Après 2 heures de réflexions sur les enjeux de classes, deux cinéastes de la marge et deux personnalités bien ancrées dans le milieu partagent la scène avec le modérateur. « Comment votre carrière a-t-elle affecté votre statut de classe ? » Christopher Andrews (Bring Them Down, 2024), réalisateur venant d’un milieu sous-éduqué, se sent exposé, vulnérable dans ce genre d’événement qui le terrifie et lui donne l’impression d’être inadéquat ; Biene Pilavci (Chronik einer Revolte - ein Jahr Istanbul, 2015) a grandi dans la pauvreté et y vit toujours — les bourses permettent à peine de survivre pour la plupart des cinéastes en Allemagne, même s’iels gagnent des prix avec leurs œuvres.
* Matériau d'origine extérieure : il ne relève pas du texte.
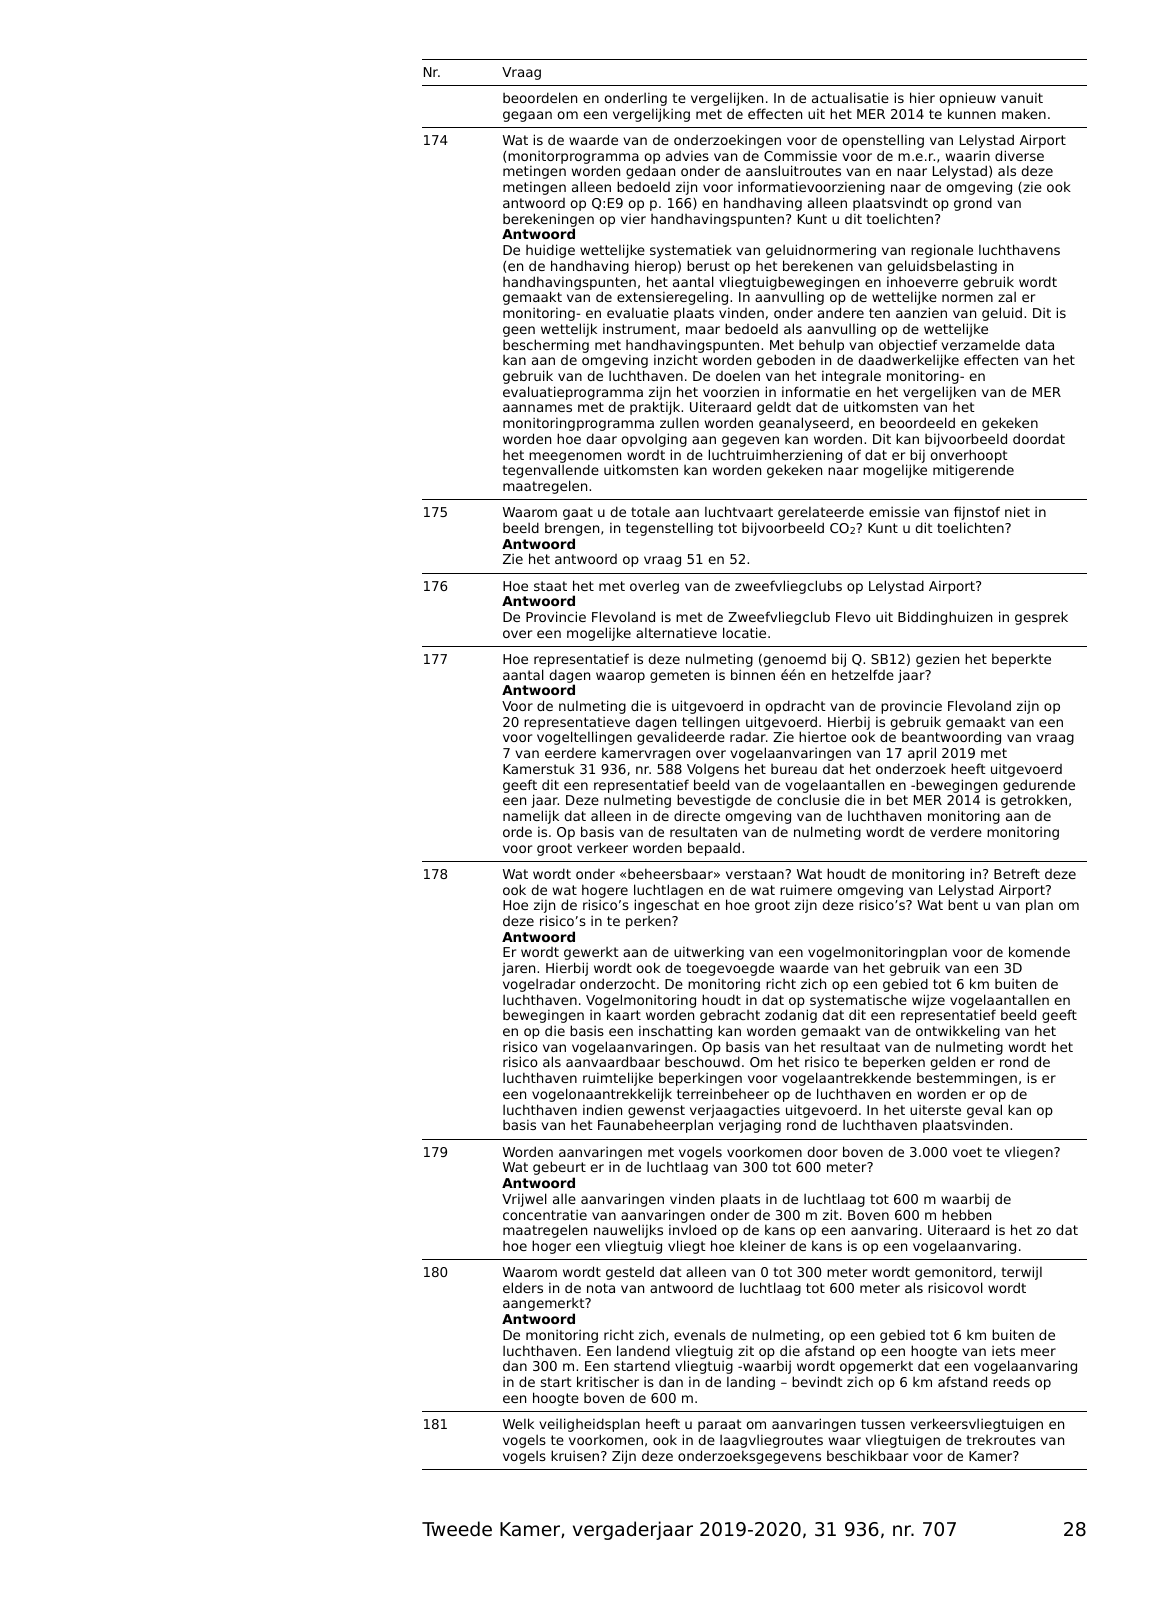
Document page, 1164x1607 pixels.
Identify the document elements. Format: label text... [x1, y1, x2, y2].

table_cell 180 [422, 1260, 496, 1411]
table_cell Wat wordt onder «beheersbaar» verstaan? Wat houdt de monitoring in? Betreft deze ook de wat hogere luchtlagen en de wat ruimere omgeving van Lelystad Airport? Hoe zijn de risico’s ingeschat en hoe groot zijn deze risico’s? Wat bent u van plan om deze risico’s in te perken? Antwoord Er wordt gewerkt aan de uitwerking van een vogelmonitoringplan voor de komende jaren. Hierbij wordt ook de toegevoegde waarde van het gebruik van een 3D vogelradar onderzocht. De monitoring richt zich op een gebied tot 6 km buiten de luchthaven. Vogelmonitoring houdt in dat op systematische wijze vogelaantallen en bewegingen in kaart worden gebracht zodanig dat dit een representatief beeld geeft en op die basis een inschatting kan worden gemaakt van de ontwikkeling van het risico van vogelaanvaringen. Op basis van het resultaat van de nulmeting wordt het risico als aanvaardbaar beschouwd. Om het risico te beperken gelden er rond de luchthaven ruimtelijke beperkingen voor vogelaantrekkende bestemmingen, is er een vogelonaantrekkelijk terreinbeheer op de luchthaven en worden er op de luchthaven indien gewenst verjaagacties uitgevoerd. In het uiterste geval kan op basis van het Faunabeheerplan verjaging rond de luchthaven plaatsvinden. [496, 862, 1087, 1139]
table_header Vraag [496, 60, 1087, 85]
table_cell Waarom wordt gesteld dat alleen van 0 tot 300 meter wordt gemonitord, terwijl elders in de nota van antwoord de luchtlaag tot 600 meter als risicovol wordt aangemerkt? Antwoord De monitoring richt zich, evenals de nulmeting, op een gebied tot 6 km buiten de luchthaven. Een landend vliegtuig zit op die afstand op een hoogte van iets meer dan 300 m. Een startend vliegtuig -waarbij wordt opgemerkt dat een vogelaanvaring in de start kritischer is dan in de landing – bevindt zich op 6 km afstand reeds op een hoogte boven de 600 m. [496, 1260, 1087, 1411]
table_cell 177 [422, 647, 496, 861]
table_cell 176 [422, 574, 496, 646]
table_header Nr. [422, 60, 496, 85]
table_cell [422, 86, 496, 127]
table_cell Waarom gaat u de totale aan luchtvaart gerelateerde emissie van fijnstof niet in beeld brengen, in tegenstelling tot bijvoorbeeld CO2? Kunt u dit toelichten? Antwoord Zie het antwoord op vraag 51 en 52. [496, 500, 1087, 573]
table_cell Welk veiligheidsplan heeft u paraat om aanvaringen tussen verkeersvliegtuigen en vogels te voorkomen, ook in de laagvliegroutes waar vliegtuigen de trekroutes van vogels kruisen? Zijn deze onderzoeksgegevens beschikbaar voor de Kamer? [496, 1412, 1087, 1469]
table_cell beoordelen en onderling te vergelijken. In de actualisatie is hier opnieuw vanuit gegaan om een vergelijking met de effecten uit het MER 2014 te kunnen maken. [496, 86, 1087, 127]
table_cell Wat is de waarde van de onderzoekingen voor de openstelling van Lelystad Airport (monitorprogramma op advies van de Commissie voor de m.e.r., waarin diverse metingen worden gedaan onder de aansluitroutes van en naar Lelystad) als deze metingen alleen bedoeld zijn voor informatievoorziening naar de omgeving (zie ook antwoord op Q:E9 op p. 166) en handhaving alleen plaatsvindt op grond van berekeningen op vier handhavingspunten? Kunt u dit toelichten? Antwoord De huidige wettelijke systematiek van geluidnormering van regionale luchthavens (en de handhaving hierop) berust op het berekenen van geluidsbelasting in handhavingspunten, het aantal vliegtuigbewegingen en inhoeverre gebruik wordt gemaakt van de extensieregeling. In aanvulling op de wettelijke normen zal er monitoring- en evaluatie plaats vinden, onder andere ten aanzien van geluid. Dit is geen wettelijk instrument, maar bedoeld als aanvulling op de wettelijke bescherming met handhavingspunten. Met behulp van objectief verzamelde data kan aan de omgeving inzicht worden geboden in de daadwerkelijke effecten van het gebruik van de luchthaven. De doelen van het integrale monitoring- en evaluatieprogramma zijn het voorzien in informatie en het vergelijken van de MER aannames met de praktijk. Uiteraard geldt dat de uitkomsten van het monitoringprogramma zullen worden geanalyseerd, en beoordeeld en gekeken worden hoe daar opvolging aan gegeven kan worden. Dit kan bijvoorbeeld doordat het meegenomen wordt in de luchtruimherziening of dat er bij onverhoopt tegenvallende uitkomsten kan worden gekeken naar mogelijke mitigerende maatregelen. [496, 128, 1087, 499]
table_cell 174 [422, 128, 496, 499]
table_cell 175 [422, 500, 496, 573]
table_cell Hoe staat het met overleg van de zweefvliegclubs op Lelystad Airport? Antwoord De Provincie Flevoland is met de Zweefvliegclub Flevo uit Biddinghuizen in gesprek over een mogelijke alternatieve locatie. [496, 574, 1087, 646]
table_cell 179 [422, 1140, 496, 1259]
table_cell Worden aanvaringen met vogels voorkomen door boven de 3.000 voet te vliegen? Wat gebeurt er in de luchtlaag van 300 tot 600 meter? Antwoord Vrijwel alle aanvaringen vinden plaats in de luchtlaag tot 600 m waarbij de concentratie van aanvaringen onder de 300 m zit. Boven 600 m hebben maatregelen nauwelijks invloed op de kans op een aanvaring. Uiteraard is het zo dat hoe hoger een vliegtuig vliegt hoe kleiner de kans is op een vogelaanvaring. [496, 1140, 1087, 1259]
table_cell Hoe representatief is deze nulmeting (genoemd bij Q. SB12) gezien het beperkte aantal dagen waarop gemeten is binnen één en hetzelfde jaar? Antwoord Voor de nulmeting die is uitgevoerd in opdracht van de provincie Flevoland zijn op 20 representatieve dagen tellingen uitgevoerd. Hierbij is gebruik gemaakt van een voor vogeltellingen gevalideerde radar. Zie hiertoe ook de beantwoording van vraag 7 van eerdere kamervragen over vogelaanvaringen van 17 april 2019 met Kamerstuk 31 936, nr. 588 Volgens het bureau dat het onderzoek heeft uitgevoerd geeft dit een representatief beeld van de vogelaantallen en -bewegingen gedurende een jaar. Deze nulmeting bevestigde de conclusie die in bet MER 2014 is getrokken, namelijk dat alleen in de directe omgeving van de luchthaven monitoring aan de orde is. Op basis van de resultaten van de nulmeting wordt de verdere monitoring voor groot verkeer worden bepaald. [496, 647, 1087, 861]
table_cell 178 [422, 862, 496, 1139]
table_cell 181 [422, 1412, 496, 1469]

La reconnaissance des pairs, ça ne paie pas l’épicerie. À l’opposé, un titan de l’organisation de festivals européens, Marco Müller (directeur de Rotterdam autour de 1990, Locarno durant les années 1990, Venise durant les années 2000) se lance dans une étrange homélie qui critique les festivals hermétiques au public (très bien) tout à la fois qu’elle louange son propre travail. Aucun dialogue avec les plus jeunes assis·e·s à ses côtés, pas de mots pour celleux qui rêveraient de se tailler une place dans l’écosystème impitoyable des événements de cinéma. Puis intervient la dernière panéliste, une autrice et directrice d’une agence d’artistes qui réussit à faire quitter des dizaines de personnes de la salle avec son outrecuidance — l’interminable récit de ses réussites, de sa bonne relation avec ses employé·e·s (qu’elle considère comme des collaborateur·rice·s et pas des subalternes, bien sûr), et de la difficulté à travailler avec des stars (pas facile, quelle misère !). Tout compte fait, aucune des conférences n’a su mieux illustrer la thématique de la soirée que les malaises et l’égocentrisme ayant proliféré durant cette dernière activité. Édifiant, et dérangeant.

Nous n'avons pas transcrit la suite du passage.